Cette vie... et au-delà (2)

 

La conscience d’être mort, associée à un profond sentiment de paix


La sortie du corps s’accompagne d’un sentiment de raix, de sérénité, de légèreté, de liberté qui contraste avec es conditions souvent traumatiques ayant conduit à l'EMI (accident, noyade, etc.). Si la douleur physique était présente juste avant le début de l’expérience, celle-ci disparaît totalement dès les premiers instants de l’EMI :

"Après la violence de la collision de la voiture, la douleur s’est évanouie en un instant. Je ne ressentais absolument rien ! Je n’avais plus mal. J’étais incroyablement paisible. "

«Je me sentais comme libéré d’un énorme poids, en paix comme jamais je ne l’avais été. C’était une impression extraordinaire ! »

« En voyant mon corps étendu dans le salon après mon arrêt cardiaque, j’ai pris conscience que j’étais morte... mais ça ne me faisait pas grand-chose. Je n’étais pas triste, mais au contraire c’était très calme, très paisible. C’était comme une évidence de me retrouver dans cette situation... C’est vraiment dur de vous expliquer quel sentiment cela me procurait... mais c’est comme si je rentrais à la maison. Je me sentais en totale sécurité. »

La perception d’un tunnel et d’un environnement décrit comme « paradisiaque »

« Puis, je me suis retrouvé comme propulsé, ou aspiré, à vive allure dans une sorte de tunnel... enfin, je n’en voyais pas vraiment les parois mais je sais que c’était comme un long tunnel.

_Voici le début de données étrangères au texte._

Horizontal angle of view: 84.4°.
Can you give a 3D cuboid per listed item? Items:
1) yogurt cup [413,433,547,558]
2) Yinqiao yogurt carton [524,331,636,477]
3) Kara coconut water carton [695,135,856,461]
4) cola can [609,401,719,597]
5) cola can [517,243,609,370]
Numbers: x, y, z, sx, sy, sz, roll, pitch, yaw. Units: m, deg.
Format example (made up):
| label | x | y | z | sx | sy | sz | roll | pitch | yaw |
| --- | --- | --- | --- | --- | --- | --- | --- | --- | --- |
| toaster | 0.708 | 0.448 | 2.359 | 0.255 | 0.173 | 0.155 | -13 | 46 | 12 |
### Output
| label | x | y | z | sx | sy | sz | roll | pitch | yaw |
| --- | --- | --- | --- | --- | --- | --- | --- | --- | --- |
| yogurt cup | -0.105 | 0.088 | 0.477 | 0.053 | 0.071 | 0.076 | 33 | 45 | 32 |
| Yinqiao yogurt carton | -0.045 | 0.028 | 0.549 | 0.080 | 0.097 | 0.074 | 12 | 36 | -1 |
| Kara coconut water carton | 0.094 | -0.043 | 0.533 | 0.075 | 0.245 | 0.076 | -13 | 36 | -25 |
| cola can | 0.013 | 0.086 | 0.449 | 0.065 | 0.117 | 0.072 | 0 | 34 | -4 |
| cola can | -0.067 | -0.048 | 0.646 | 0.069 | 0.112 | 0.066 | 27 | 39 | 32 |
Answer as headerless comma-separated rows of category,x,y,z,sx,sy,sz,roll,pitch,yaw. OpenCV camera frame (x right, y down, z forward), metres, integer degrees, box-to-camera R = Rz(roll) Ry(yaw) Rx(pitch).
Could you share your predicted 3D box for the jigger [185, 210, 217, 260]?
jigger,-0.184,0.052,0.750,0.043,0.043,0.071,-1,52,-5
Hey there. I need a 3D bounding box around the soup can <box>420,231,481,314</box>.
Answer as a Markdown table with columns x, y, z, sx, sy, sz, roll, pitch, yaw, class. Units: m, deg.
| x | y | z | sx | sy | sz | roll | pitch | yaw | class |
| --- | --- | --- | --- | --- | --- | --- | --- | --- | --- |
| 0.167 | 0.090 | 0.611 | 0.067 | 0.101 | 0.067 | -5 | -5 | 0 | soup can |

C’était sombre mais pas du tout effrayant. J’avais l’impression d’aller à toute vitesse vers un point très lumineux qui était tout au bout et qui grandissait au fur et à mesure que je m’en approchais. Je ne sais pas pourquoi mais j’étais en confiance, comme si je savais ce qu’il y avait à son extrémité... je savais que j’étais déjà venu là. Cela m’était curieusement familier. »...

La rencontre avec un être de lumière

Autre élément essentiel des récits d’EMI : la rencontre avec un «être de lumière». C’est ainsi que le nomment bon nombre de personnes. Les noms qu’on lui attribue sont multiples et sont le reflet des croyances individuelles : certaines personnes l’appellent « Dieu », d’autres l’associent à une figure emblématique comme le Christ, le Bouddha, le Prophète, un archange, etc. Quoi qu’il en soit, il est clair que toutes décrivent une seule et même réalité. Or, cette rencontre est un aspect déterminant des EMI car elle semble à l’origine des changements profonds qui surviennent chez les personnes ayant fait cette expérience.

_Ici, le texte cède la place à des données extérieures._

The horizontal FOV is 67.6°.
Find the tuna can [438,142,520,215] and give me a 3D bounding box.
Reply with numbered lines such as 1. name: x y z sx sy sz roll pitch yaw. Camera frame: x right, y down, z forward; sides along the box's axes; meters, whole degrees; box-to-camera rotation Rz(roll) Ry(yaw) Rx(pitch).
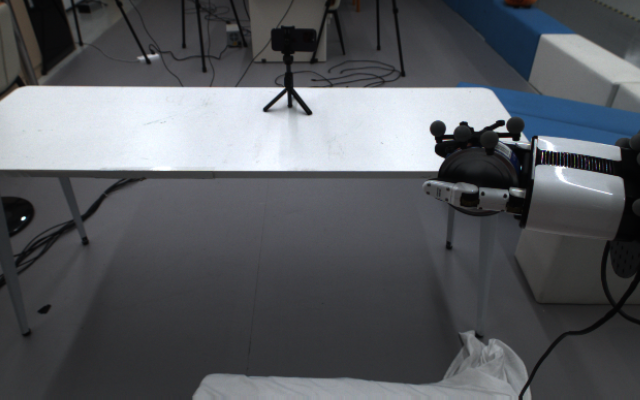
1. tuna can: 0.179 -0.029 0.542 0.085 0.085 0.034 17 37 20
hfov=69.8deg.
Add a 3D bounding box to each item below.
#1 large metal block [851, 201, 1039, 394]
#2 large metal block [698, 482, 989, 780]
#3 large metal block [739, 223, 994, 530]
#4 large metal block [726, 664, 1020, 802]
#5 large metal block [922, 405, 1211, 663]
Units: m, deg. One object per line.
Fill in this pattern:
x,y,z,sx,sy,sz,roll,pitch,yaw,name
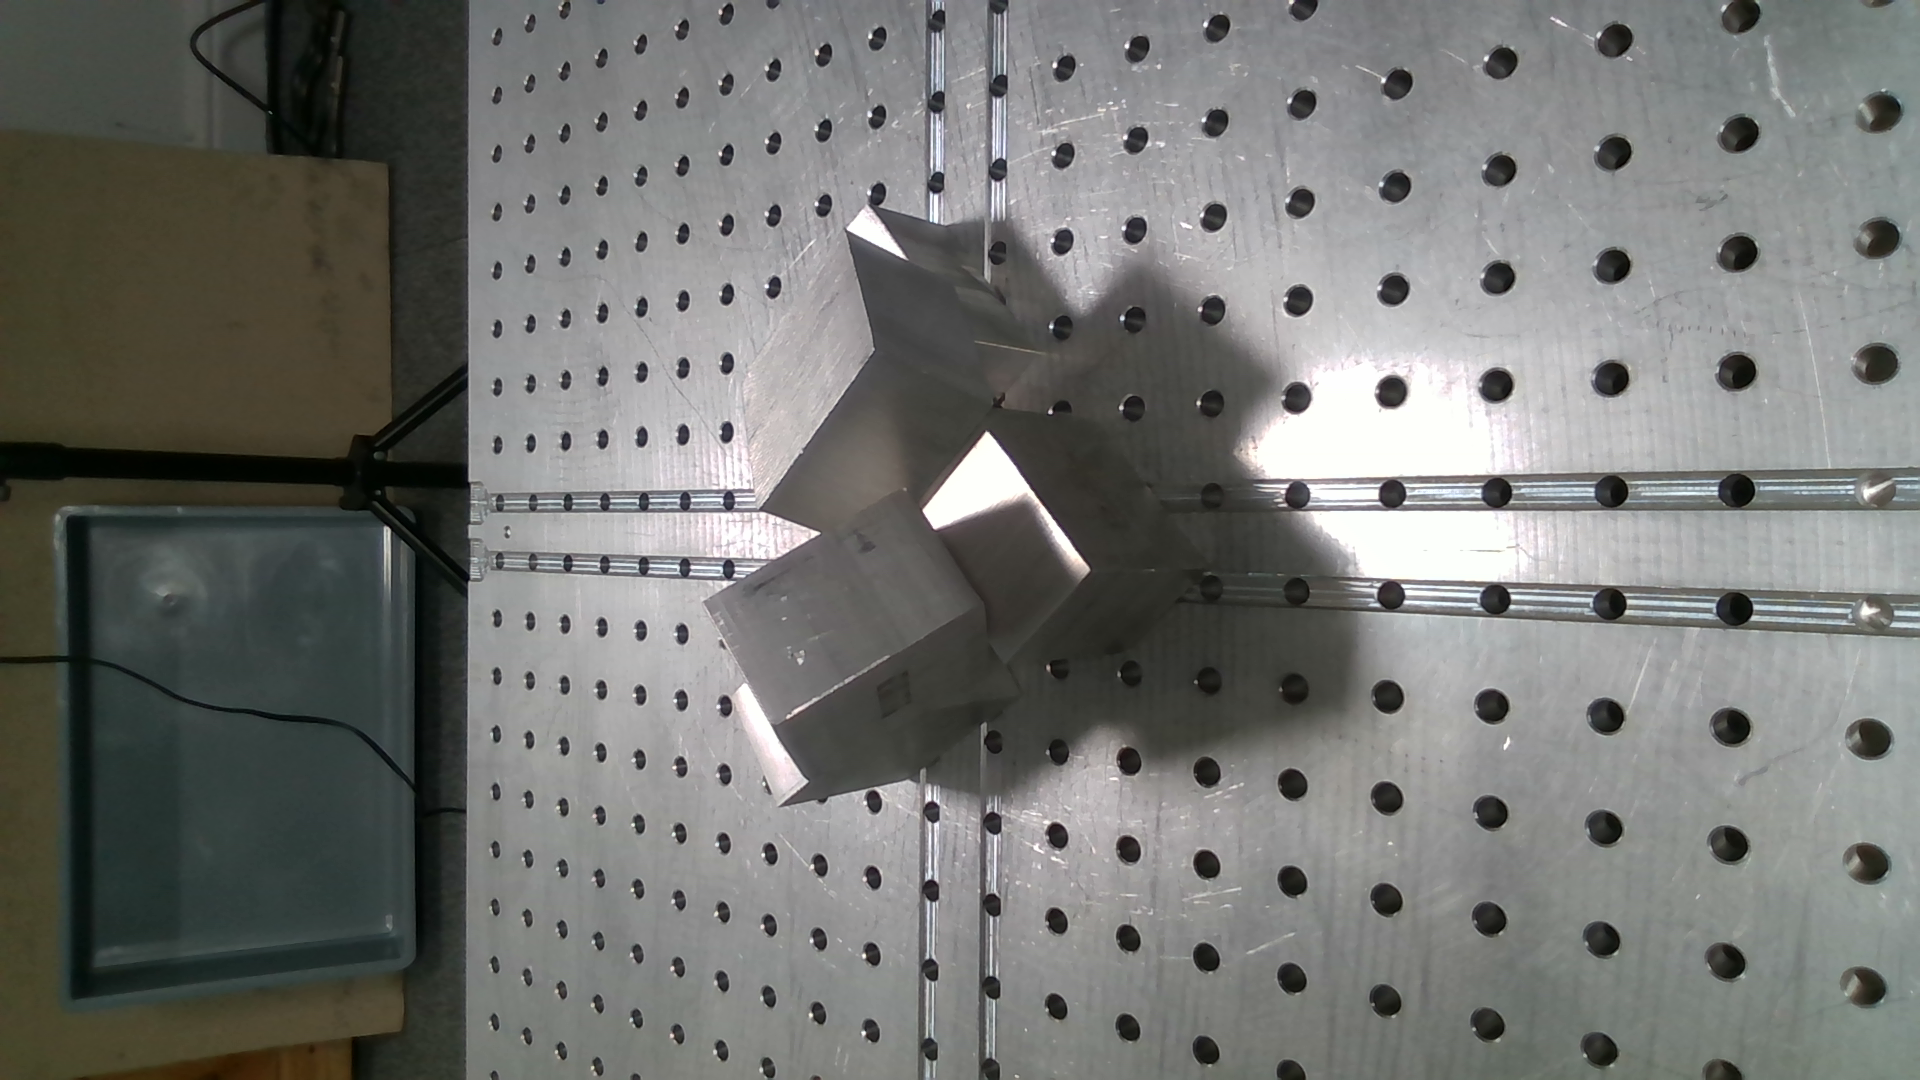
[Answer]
-0.026,-0.083,0.590,0.080,0.050,0.080,-47,62,30,large metal block
-0.037,0.035,0.488,0.080,0.080,0.050,-31,70,-9,large metal block
-0.038,-0.056,0.515,0.080,0.050,0.080,-50,35,29,large metal block
-0.037,0.064,0.579,0.080,0.080,0.050,-41,65,33,large metal block
0.034,-0.003,0.518,0.050,0.080,0.080,-49,61,29,large metal block

« J’étais propulsé à vive allure dans ce tunnel et, à son extrémité, je me suis retrouvé dans une intense lumière. C’était très brillant mais pas du tout éblouissant. Et cette lumière était “quelqu’un”. Je savais que j’étais en présence d’une parfaite entité de lumière, débordant d’une compassion et d’un amour infini, un être de sagesse qui me voyait dans tout ce que j’étais. Cet être n’était qu’amour et il n’y avait rien d’autre que l’amour qui existait, comme si cela était la seule et unique texture de l’univers. »

«J’ai pris alors conscience d’une immense Lumière qui m’enveloppait complètement. Elle pénétrait mon âme, qui se trouvait comme dans un bain d’amour. Elle était extrêmement intense mais sans m’éblouir. C’était une présence avec une personnalité distincte. Elle était paisible, et d’elle émanaient amour et pardon. Je ressentais auprès d’elle un sentiment de complète sécurité, comme jamais je ne l’ai ressenti. C’était la perfection. Tout était là, dans cette Lumière... »

« Il en émanait un amour qui surpasse celui que peut donner un parent, un conjoint ou un enfant. C’était mille fois plus grand, mille fois plus beau et plus profond ; c’était la combinaison de toutes les formes d’amour qui peuvent exister. J’aurais pu rester en sa présence jusqu’à la fin des temps... »

La revue de vie

La rencontre avec l'être de lumière mène à ce qui semble être un autre aspect essentiel de l'expérience de mort imminente : la revue de vie.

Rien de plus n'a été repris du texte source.